### [EXERCISE BRIEF]
Print each entry precisely; exclude the pictures.

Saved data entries
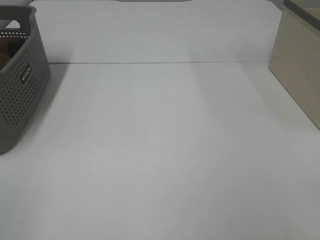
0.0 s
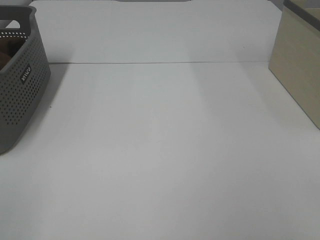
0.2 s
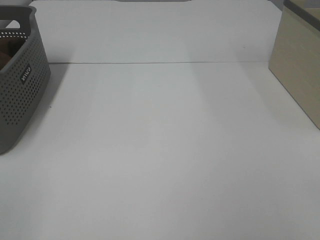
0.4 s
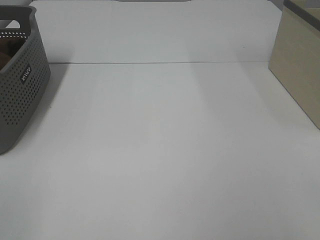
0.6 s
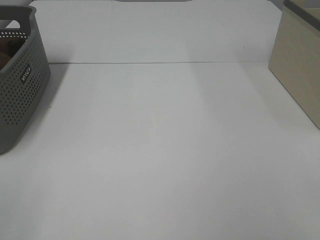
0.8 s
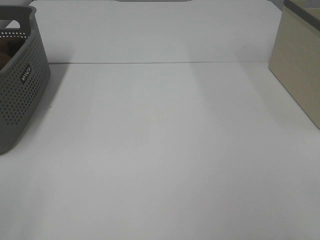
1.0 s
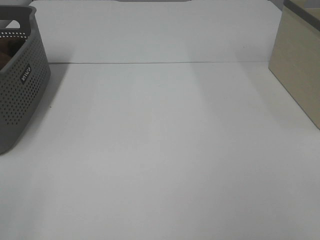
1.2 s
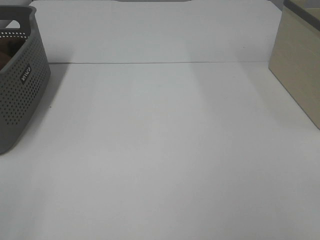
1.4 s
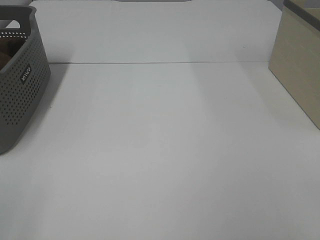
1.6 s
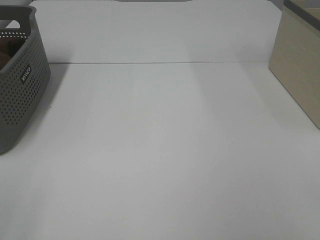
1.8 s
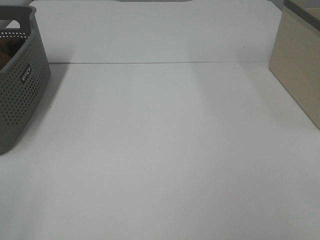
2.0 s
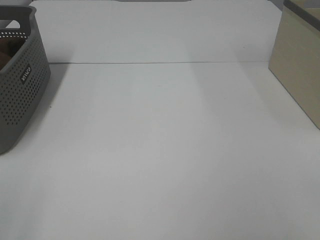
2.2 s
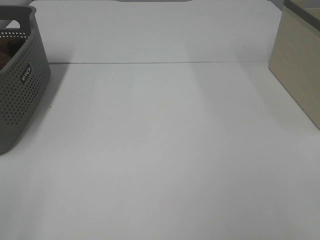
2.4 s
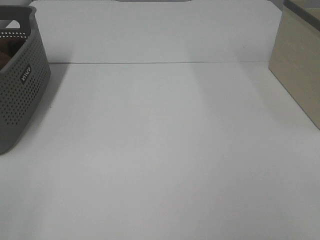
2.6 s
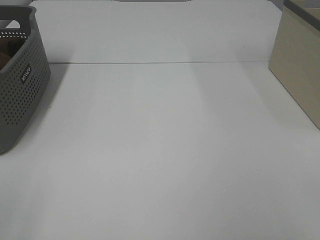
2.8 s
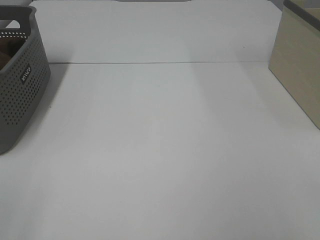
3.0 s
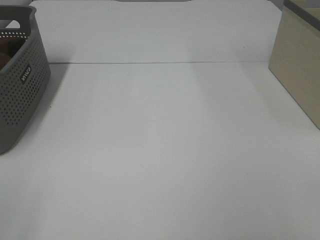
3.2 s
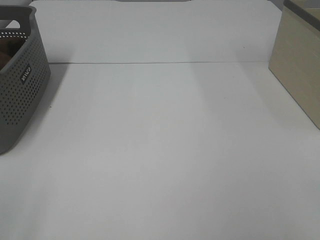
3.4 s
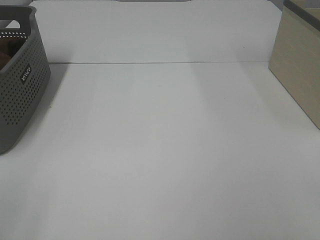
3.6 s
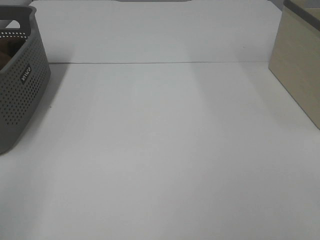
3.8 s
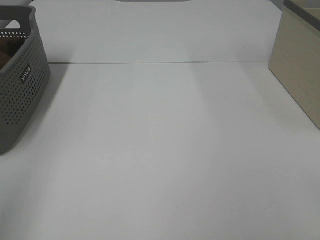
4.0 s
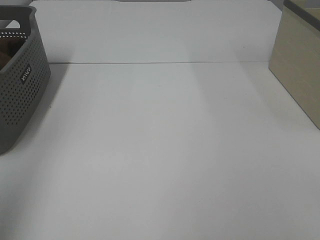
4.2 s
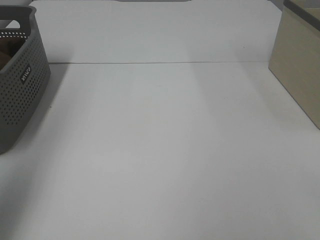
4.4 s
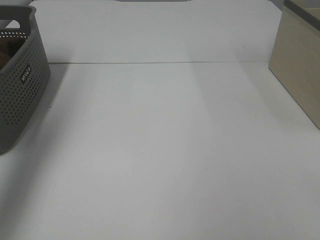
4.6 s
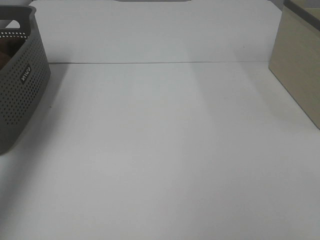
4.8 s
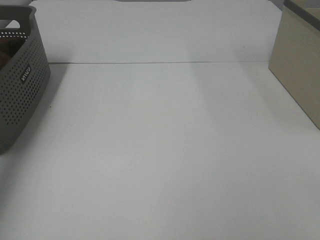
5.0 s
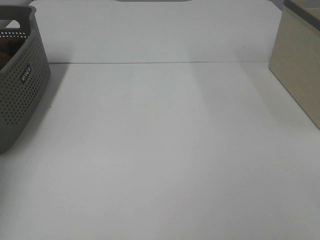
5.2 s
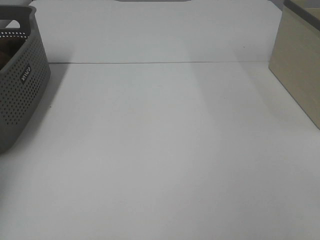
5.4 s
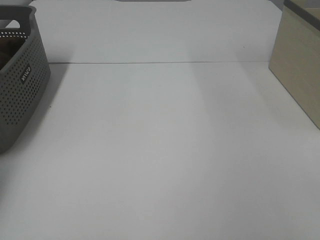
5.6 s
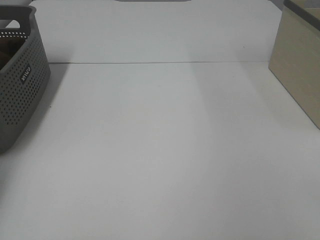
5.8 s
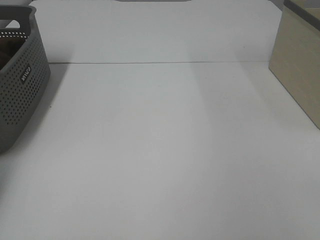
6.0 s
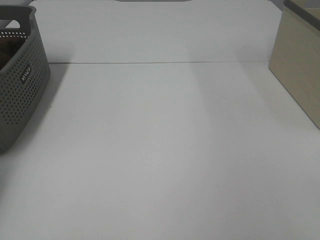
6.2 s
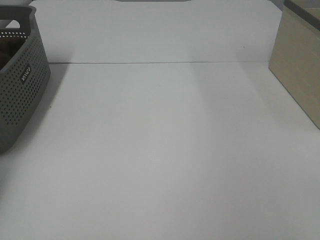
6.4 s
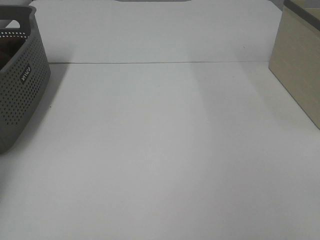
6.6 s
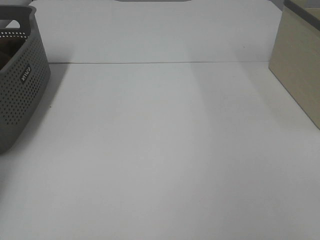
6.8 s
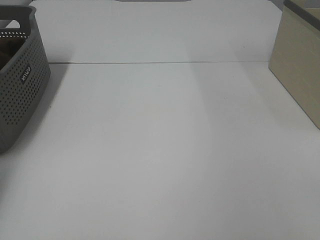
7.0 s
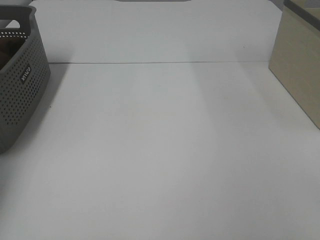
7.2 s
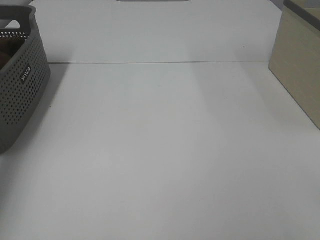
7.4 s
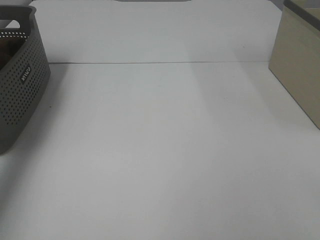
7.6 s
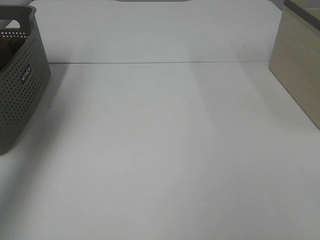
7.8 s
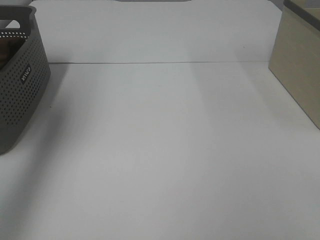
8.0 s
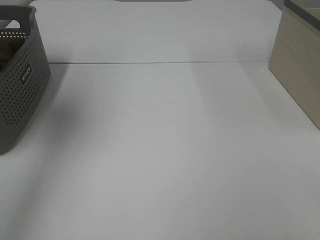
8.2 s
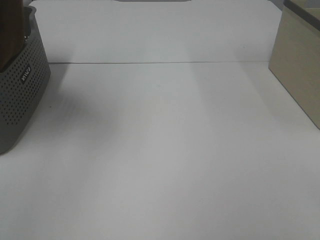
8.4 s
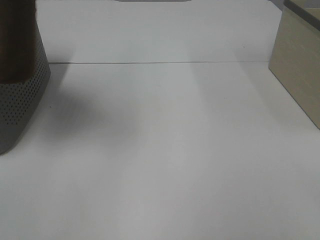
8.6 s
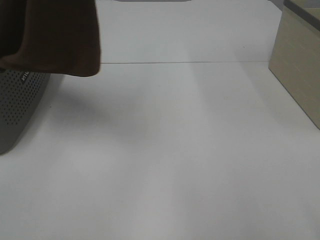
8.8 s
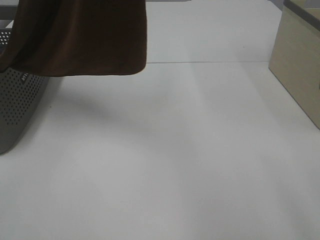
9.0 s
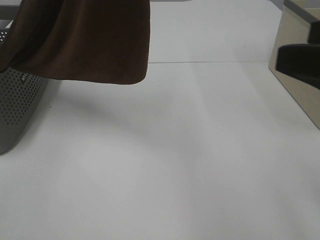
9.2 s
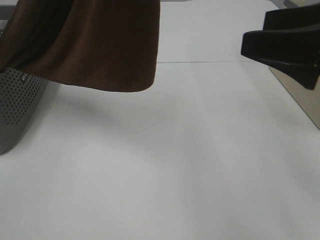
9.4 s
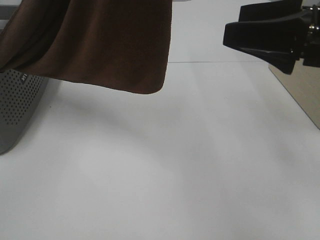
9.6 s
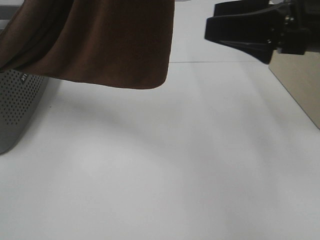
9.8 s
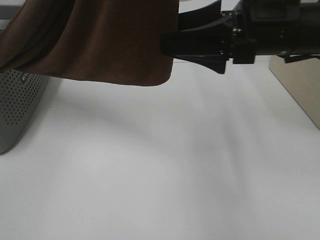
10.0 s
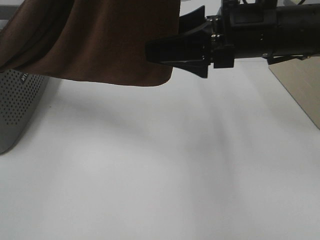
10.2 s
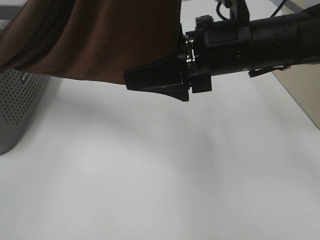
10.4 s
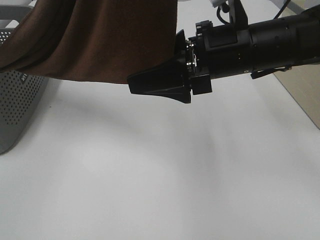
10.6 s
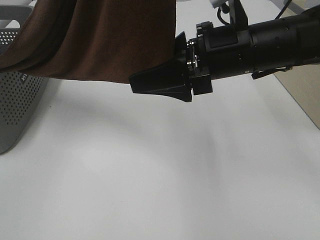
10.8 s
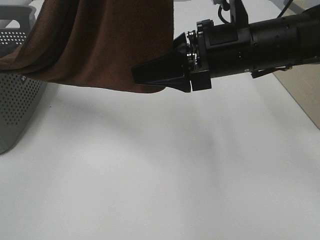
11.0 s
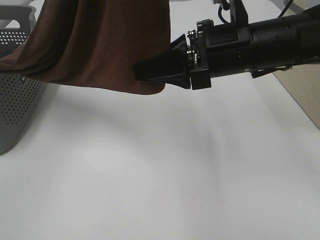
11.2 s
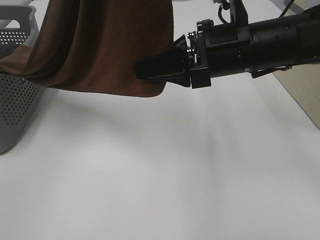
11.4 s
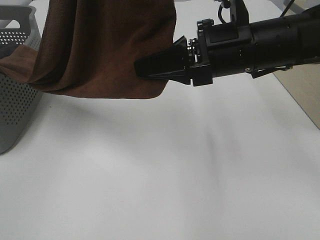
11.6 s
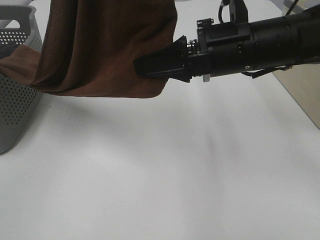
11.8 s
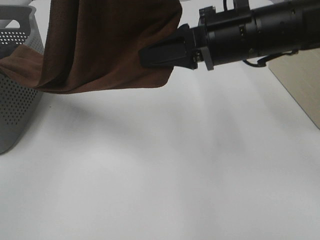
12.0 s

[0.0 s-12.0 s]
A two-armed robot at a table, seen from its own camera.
Task of the whole recording: Remove the towel and place it.
Step, 8.0 to 11.6 s: Right hand: grab a corner of the brown towel and straighten it.
0.0 to 3.0 s: Both grippers stay put.
3.0 to 4.4 s: The left gripper heads forward and upward, covering roughly 25 cm.
4.4 to 6.0 s: The left gripper is displaced forward and downward by roughly 35 cm.
6.0 to 7.6 s: The left gripper shifts roughly 20 cm upward and to the right, and closes up.
7.6 to 9.0 s: The right gripper travels forward by about 10 cm, while the left gripper moves to the right, backward and upward, roughly 30 cm.
9.0 to 10.4 s: The right gripper heads forward, to the left and downward, covering roughly 25 cm.
10.4 to 12.0 s: The right gripper closes its fingers.

### [ANSWER]
0.0 s
0.2 s
0.4 s
0.6 s
0.8 s
1.0 s
1.2 s
1.4 s
1.6 s
1.8 s
2.0 s
2.2 s
2.4 s
2.6 s
2.8 s
3.0 s
3.2 s
3.4 s
3.6 s
3.8 s
4.0 s
4.2 s
4.4 s
4.6 s
4.8 s
5.0 s
5.2 s
5.4 s
5.6 s
5.8 s
6.0 s
6.2 s
6.4 s
6.6 s
6.8 s
7.0 s
7.2 s
7.4 s
7.6 s
7.8 s
8.0 s
8.2 s
8.4 s
8.6 s
8.8 s
9.0 s
9.2 s
9.4 s
9.6 s
9.8 s
10.0 s
10.2 s
10.4 s
10.6 s
10.8 s
11.0 s
11.2 s
11.4 s
11.6 s
11.8 s
12.0 s

[0.0 s-12.0 s]
A two-armed robot at a table, seen from its own camera.
Task of the whole recording: Remove the towel and place it.
Step, 8.0 to 11.6 s: Right hand: grab a corner of the brown towel and straighten it.
0.0 to 3.0 s: Both grippers stay put.
3.0 to 4.4 s: The left gripper heads forward and upward, covering roughly 25 cm.
4.4 to 6.0 s: The left gripper is displaced forward and downward by roughly 35 cm.
6.0 to 7.6 s: The left gripper shifts roughly 20 cm upward and to the right, and closes up.
7.6 to 9.0 s: The right gripper travels forward by about 10 cm, while the left gripper moves to the right, backward and upward, roughly 30 cm.
9.0 to 10.4 s: The right gripper heads forward, to the left and downward, covering roughly 25 cm.
10.4 to 12.0 s: The right gripper closes its fingers.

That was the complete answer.